Items listed in a dataset:
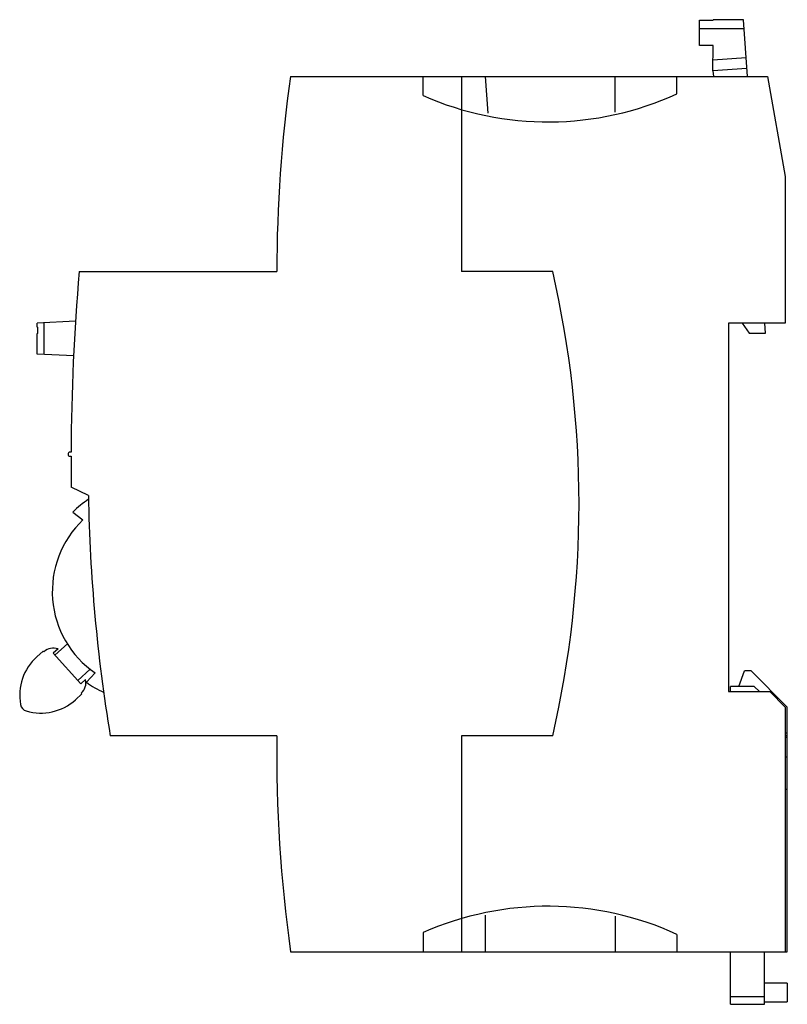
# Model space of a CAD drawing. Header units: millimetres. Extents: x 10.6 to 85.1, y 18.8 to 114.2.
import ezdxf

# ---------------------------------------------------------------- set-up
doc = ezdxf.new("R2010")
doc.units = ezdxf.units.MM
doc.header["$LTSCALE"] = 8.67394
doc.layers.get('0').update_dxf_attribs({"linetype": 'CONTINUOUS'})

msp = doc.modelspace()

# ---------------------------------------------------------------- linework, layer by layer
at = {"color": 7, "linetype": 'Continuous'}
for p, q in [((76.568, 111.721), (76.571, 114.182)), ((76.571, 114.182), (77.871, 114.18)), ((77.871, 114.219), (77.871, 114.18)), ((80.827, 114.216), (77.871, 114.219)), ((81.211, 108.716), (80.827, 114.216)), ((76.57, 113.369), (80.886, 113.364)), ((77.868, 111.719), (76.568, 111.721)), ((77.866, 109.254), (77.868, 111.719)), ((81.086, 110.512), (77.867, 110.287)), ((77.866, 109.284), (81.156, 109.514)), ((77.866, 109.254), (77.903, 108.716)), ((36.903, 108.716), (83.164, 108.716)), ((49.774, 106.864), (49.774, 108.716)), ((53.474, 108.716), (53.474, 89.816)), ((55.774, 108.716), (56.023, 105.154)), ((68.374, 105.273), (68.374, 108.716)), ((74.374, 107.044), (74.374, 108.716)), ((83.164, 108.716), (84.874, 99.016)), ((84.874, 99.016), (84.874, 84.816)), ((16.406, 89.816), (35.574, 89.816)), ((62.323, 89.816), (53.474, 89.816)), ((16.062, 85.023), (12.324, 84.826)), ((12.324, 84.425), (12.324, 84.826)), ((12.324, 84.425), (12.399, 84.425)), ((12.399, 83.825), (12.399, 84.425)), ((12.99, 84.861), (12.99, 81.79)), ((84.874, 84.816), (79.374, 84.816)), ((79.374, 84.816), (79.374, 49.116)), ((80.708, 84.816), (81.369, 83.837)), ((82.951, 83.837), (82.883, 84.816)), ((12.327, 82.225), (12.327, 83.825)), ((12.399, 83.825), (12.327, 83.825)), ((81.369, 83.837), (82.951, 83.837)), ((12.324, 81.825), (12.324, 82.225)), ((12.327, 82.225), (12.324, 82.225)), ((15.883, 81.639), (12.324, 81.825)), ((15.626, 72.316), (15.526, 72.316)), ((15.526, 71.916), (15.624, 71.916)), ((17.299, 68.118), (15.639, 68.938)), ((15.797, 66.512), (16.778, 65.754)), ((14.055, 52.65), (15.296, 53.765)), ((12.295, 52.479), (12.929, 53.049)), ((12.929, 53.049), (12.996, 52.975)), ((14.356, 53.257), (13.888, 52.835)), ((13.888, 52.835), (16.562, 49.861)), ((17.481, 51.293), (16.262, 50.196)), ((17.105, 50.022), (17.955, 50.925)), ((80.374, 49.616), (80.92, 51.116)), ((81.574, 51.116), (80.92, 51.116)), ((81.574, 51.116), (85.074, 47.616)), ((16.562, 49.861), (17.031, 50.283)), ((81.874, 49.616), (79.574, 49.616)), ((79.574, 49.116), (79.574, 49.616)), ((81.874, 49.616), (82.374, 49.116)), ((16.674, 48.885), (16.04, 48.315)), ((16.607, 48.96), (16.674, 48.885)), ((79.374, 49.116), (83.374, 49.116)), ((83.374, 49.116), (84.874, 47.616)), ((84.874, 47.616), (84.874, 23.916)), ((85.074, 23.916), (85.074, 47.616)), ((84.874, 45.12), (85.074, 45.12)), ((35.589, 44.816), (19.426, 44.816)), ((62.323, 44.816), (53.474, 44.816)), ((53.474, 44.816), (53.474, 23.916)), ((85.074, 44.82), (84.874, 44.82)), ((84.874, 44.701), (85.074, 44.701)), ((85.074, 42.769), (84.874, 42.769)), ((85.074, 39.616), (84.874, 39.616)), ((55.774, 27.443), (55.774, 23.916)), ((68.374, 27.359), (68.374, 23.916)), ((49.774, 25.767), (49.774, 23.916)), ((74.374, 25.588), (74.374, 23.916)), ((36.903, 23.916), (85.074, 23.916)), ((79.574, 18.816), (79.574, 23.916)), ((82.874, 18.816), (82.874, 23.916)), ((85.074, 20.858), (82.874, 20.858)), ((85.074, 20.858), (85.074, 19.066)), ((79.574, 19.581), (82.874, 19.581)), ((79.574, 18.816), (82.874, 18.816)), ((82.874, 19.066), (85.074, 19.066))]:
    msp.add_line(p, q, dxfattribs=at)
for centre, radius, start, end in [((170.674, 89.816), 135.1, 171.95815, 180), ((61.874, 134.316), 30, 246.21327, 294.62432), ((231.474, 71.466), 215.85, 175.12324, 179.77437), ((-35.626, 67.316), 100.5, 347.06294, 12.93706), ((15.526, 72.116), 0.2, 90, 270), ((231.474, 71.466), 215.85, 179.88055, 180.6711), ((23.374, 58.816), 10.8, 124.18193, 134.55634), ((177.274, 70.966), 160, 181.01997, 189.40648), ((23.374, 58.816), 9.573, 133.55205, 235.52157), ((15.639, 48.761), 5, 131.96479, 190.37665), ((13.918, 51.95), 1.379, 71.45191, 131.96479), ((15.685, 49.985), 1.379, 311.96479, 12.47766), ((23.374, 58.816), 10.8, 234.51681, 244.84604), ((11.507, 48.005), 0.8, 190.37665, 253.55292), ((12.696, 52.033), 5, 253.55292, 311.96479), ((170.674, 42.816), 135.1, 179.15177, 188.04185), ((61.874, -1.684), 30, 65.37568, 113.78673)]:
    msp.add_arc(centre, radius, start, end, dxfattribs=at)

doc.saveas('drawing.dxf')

■ **EXERCISE**
Output the data exactly as it appears. The pictures do not belong in it.

■ **WRITTEN SOLUTION**
# Model space of a CAD drawing. Header units: millimetres. Extents: x 10.6 to 85.1, y 18.8 to 114.2.
import ezdxf

# ---------------------------------------------------------------- set-up
doc = ezdxf.new("R2010")
doc.units = ezdxf.units.MM
doc.header["$LTSCALE"] = 8.67394
doc.layers.get('0').update_dxf_attribs({"linetype": 'CONTINUOUS'})

msp = doc.modelspace()

# ---------------------------------------------------------------- linework, layer by layer
at = {"color": 7, "linetype": 'Continuous'}
for p, q in [((76.568, 111.721), (76.571, 114.182)), ((76.571, 114.182), (77.871, 114.18)), ((77.871, 114.219), (77.871, 114.18)), ((80.827, 114.216), (77.871, 114.219)), ((81.211, 108.716), (80.827, 114.216)), ((76.57, 113.369), (80.886, 113.364)), ((77.868, 111.719), (76.568, 111.721)), ((77.866, 109.254), (77.868, 111.719)), ((81.086, 110.512), (77.867, 110.287)), ((77.866, 109.284), (81.156, 109.514)), ((77.866, 109.254), (77.903, 108.716)), ((36.903, 108.716), (83.164, 108.716)), ((49.774, 106.864), (49.774, 108.716)), ((53.474, 108.716), (53.474, 89.816)), ((55.774, 108.716), (56.023, 105.154)), ((68.374, 105.273), (68.374, 108.716)), ((74.374, 107.044), (74.374, 108.716)), ((83.164, 108.716), (84.874, 99.016)), ((84.874, 99.016), (84.874, 84.816)), ((16.406, 89.816), (35.574, 89.816)), ((62.323, 89.816), (53.474, 89.816)), ((16.062, 85.023), (12.324, 84.826)), ((12.324, 84.425), (12.324, 84.826)), ((12.324, 84.425), (12.399, 84.425)), ((12.399, 83.825), (12.399, 84.425)), ((12.99, 84.861), (12.99, 81.79)), ((84.874, 84.816), (79.374, 84.816)), ((79.374, 84.816), (79.374, 49.116)), ((80.708, 84.816), (81.369, 83.837)), ((82.951, 83.837), (82.883, 84.816)), ((12.327, 82.225), (12.327, 83.825)), ((12.399, 83.825), (12.327, 83.825)), ((81.369, 83.837), (82.951, 83.837)), ((12.324, 81.825), (12.324, 82.225)), ((12.327, 82.225), (12.324, 82.225)), ((15.883, 81.639), (12.324, 81.825)), ((15.626, 72.316), (15.526, 72.316)), ((15.526, 71.916), (15.624, 71.916)), ((17.299, 68.118), (15.639, 68.938)), ((15.797, 66.512), (16.778, 65.754)), ((14.055, 52.65), (15.296, 53.765)), ((12.295, 52.479), (12.929, 53.049)), ((12.929, 53.049), (12.996, 52.975)), ((14.356, 53.257), (13.888, 52.835)), ((13.888, 52.835), (16.562, 49.861)), ((17.481, 51.293), (16.262, 50.196)), ((17.105, 50.022), (17.955, 50.925)), ((80.374, 49.616), (80.92, 51.116)), ((81.574, 51.116), (80.92, 51.116)), ((81.574, 51.116), (85.074, 47.616)), ((16.562, 49.861), (17.031, 50.283)), ((81.874, 49.616), (79.574, 49.616)), ((79.574, 49.116), (79.574, 49.616)), ((81.874, 49.616), (82.374, 49.116)), ((16.674, 48.885), (16.04, 48.315)), ((16.607, 48.96), (16.674, 48.885)), ((79.374, 49.116), (83.374, 49.116)), ((83.374, 49.116), (84.874, 47.616)), ((84.874, 47.616), (84.874, 23.916)), ((85.074, 23.916), (85.074, 47.616)), ((84.874, 45.12), (85.074, 45.12)), ((35.589, 44.816), (19.426, 44.816)), ((62.323, 44.816), (53.474, 44.816)), ((53.474, 44.816), (53.474, 23.916)), ((85.074, 44.82), (84.874, 44.82)), ((84.874, 44.701), (85.074, 44.701)), ((85.074, 42.769), (84.874, 42.769)), ((85.074, 39.616), (84.874, 39.616)), ((55.774, 27.443), (55.774, 23.916)), ((68.374, 27.359), (68.374, 23.916)), ((49.774, 25.767), (49.774, 23.916)), ((74.374, 25.588), (74.374, 23.916)), ((36.903, 23.916), (85.074, 23.916)), ((79.574, 18.816), (79.574, 23.916)), ((82.874, 18.816), (82.874, 23.916)), ((85.074, 20.858), (82.874, 20.858)), ((85.074, 20.858), (85.074, 19.066)), ((79.574, 19.581), (82.874, 19.581)), ((79.574, 18.816), (82.874, 18.816)), ((82.874, 19.066), (85.074, 19.066))]:
    msp.add_line(p, q, dxfattribs=at)
for centre, radius, start, end in [((170.674, 89.816), 135.1, 171.95815, 180), ((61.874, 134.316), 30, 246.21327, 294.62432), ((231.474, 71.466), 215.85, 175.12324, 179.77437), ((-35.626, 67.316), 100.5, 347.06294, 12.93706), ((15.526, 72.116), 0.2, 90, 270), ((231.474, 71.466), 215.85, 179.88055, 180.6711), ((23.374, 58.816), 10.8, 124.18193, 134.55634), ((177.274, 70.966), 160, 181.01997, 189.40648), ((23.374, 58.816), 9.573, 133.55205, 235.52157), ((15.639, 48.761), 5, 131.96479, 190.37665), ((13.918, 51.95), 1.379, 71.45191, 131.96479), ((15.685, 49.985), 1.379, 311.96479, 12.47766), ((23.374, 58.816), 10.8, 234.51681, 244.84604), ((11.507, 48.005), 0.8, 190.37665, 253.55292), ((12.696, 52.033), 5, 253.55292, 311.96479), ((170.674, 42.816), 135.1, 179.15177, 188.04185), ((61.874, -1.684), 30, 65.37568, 113.78673)]:
    msp.add_arc(centre, radius, start, end, dxfattribs=at)

doc.saveas('drawing.dxf')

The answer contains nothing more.